Basyouni went on to stress that Egyptian anti-smuggling efforts “are not carried out at the behest of Israel, but rather because the phenomenon represents a threat to Egypt’s own national security.”

On 12 December, Egyptian police reportedly confiscated 500 kg of explosives in the northern Sinai Peninsula. According to security sources quoted by Reuters, the seized explosives were probably headed for the Gaza Strip.

Foreign ministry spokesman Hossam Zeki, quoted in the 22 December edition of Al Gomhouriya, blasted the recent congressional decision, saying that it would “only face rejection by the Egyptian people and all Egyptian political groups.”

He also emphasized the strength of Cairo’s long-standing rapport with Washington, stating that both capitals agreed on the importance of overcoming the issue “in a way that doesn’t negatively affect relations between the two countries.”

Zeki went on to blame Washington’s powerful pro-Israel lobby for playing an instrumental role in the decision.

“It has been obvious from the outset that a powerful presence — both inside and outside the US — is interested in damaging the Egypt-US relationship,” he stated. “It is well-known that Israel’s lobby (in the US) played a role in the matter in order to achieve its own objectives.”

Abu al-Hadid echoed Zeki’s assertions.

“The US is under pressure from the Israeli lobby, which has orchestrated the media campaigns that have sustained the controversy over the assistance bill,” he said.

Abu al-Hadid went on to suggest that the recent spate of smuggling accusations was launched “in retaliation for Egyptian reluctance to fully normalize relations with Israel.”

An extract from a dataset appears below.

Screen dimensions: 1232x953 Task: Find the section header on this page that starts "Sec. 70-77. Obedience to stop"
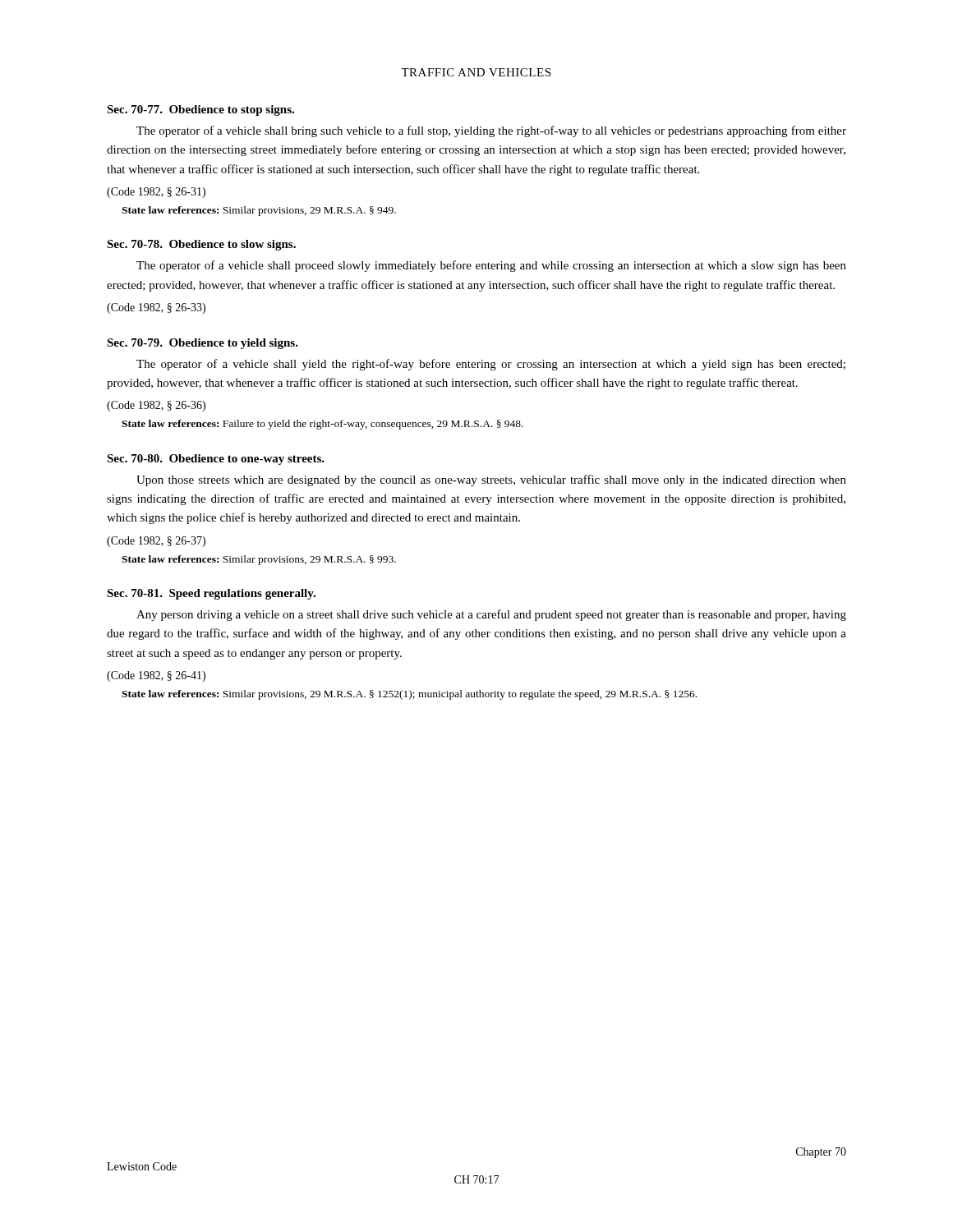201,109

Cairo has had full diplomatic relations with Tel Aviv since the signing of the Egypt-Israel Camp David peace agreement in 1979. But due to Israel’s heavy-handed Palestine policies, the notion of fully normalized relations with the Hebrew state remains broadly unpopular on the Egyptian street.

According to Emad Gad, analyst at the semi-official Al-Ahram Centre for Political and Strategic Studies and expert on Israeli affairs, Egyptian efforts to police the border with the Gaza Strip are seriously hindered by stringent conditions set by the Camp David agreement.

Under the terms of the treaty, Egyptian military deployments to the border area are strictly limited to a maximum of 750 border police.

“What’s more, only about a third of this limited force is actually deployed along the border at any given time,” Gad told IPS. “Therefore, Egypt can’t be expected to contain the area with 100 percent success.

“Although Cairo has asked for a treaty amendment allowing a larger border force and the use of helicopters to police the area, the Israeli military establishment had consistently refused the request,” he added.

Gad went on to suggest that the recent US congressional decision — whether implemented or not — had more to do with geopolitics than with border security.

“The decision is simply a way of pressuring Egypt into making political concessions to U.S. foreign policy elsewhere,” he said.